Top of Data to examine

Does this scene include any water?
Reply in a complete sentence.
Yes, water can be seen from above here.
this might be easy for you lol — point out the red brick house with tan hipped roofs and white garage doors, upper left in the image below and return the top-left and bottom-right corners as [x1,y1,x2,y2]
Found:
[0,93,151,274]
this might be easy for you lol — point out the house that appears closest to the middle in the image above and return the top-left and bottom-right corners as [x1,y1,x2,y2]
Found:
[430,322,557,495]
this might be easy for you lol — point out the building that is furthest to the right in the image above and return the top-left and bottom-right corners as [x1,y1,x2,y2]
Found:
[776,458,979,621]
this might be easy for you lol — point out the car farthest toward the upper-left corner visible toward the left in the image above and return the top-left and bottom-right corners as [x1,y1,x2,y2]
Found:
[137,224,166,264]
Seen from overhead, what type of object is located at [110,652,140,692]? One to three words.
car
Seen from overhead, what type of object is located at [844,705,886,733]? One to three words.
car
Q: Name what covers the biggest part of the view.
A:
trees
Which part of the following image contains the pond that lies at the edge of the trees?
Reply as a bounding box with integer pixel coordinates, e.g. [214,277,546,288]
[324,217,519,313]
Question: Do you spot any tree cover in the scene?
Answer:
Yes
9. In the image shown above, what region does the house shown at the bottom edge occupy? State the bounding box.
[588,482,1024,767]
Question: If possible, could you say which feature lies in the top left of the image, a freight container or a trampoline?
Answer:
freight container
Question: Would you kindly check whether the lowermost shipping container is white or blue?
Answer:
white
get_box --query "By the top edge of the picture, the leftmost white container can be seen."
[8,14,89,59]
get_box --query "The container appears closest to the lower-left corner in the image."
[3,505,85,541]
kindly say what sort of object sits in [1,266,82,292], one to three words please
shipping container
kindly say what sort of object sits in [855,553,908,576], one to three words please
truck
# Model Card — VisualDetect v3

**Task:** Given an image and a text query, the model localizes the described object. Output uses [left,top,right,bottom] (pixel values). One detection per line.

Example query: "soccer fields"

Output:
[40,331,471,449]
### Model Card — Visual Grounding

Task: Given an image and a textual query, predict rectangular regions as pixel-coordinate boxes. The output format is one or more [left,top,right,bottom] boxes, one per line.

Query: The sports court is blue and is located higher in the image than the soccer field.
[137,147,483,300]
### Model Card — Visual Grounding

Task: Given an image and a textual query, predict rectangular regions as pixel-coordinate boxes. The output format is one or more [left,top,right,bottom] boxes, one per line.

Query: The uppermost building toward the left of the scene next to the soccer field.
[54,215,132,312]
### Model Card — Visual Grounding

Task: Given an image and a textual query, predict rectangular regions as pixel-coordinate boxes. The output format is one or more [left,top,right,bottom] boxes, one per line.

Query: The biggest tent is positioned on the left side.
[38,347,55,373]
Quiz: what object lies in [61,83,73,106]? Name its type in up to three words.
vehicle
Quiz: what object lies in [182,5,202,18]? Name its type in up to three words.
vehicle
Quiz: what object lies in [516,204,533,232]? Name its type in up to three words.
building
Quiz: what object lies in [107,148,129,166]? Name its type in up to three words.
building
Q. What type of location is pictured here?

Bottom of Data to examine

Where a line of the data contains the string "Question", include it in a count, and state that count alone.

▶ **Result of this task**
3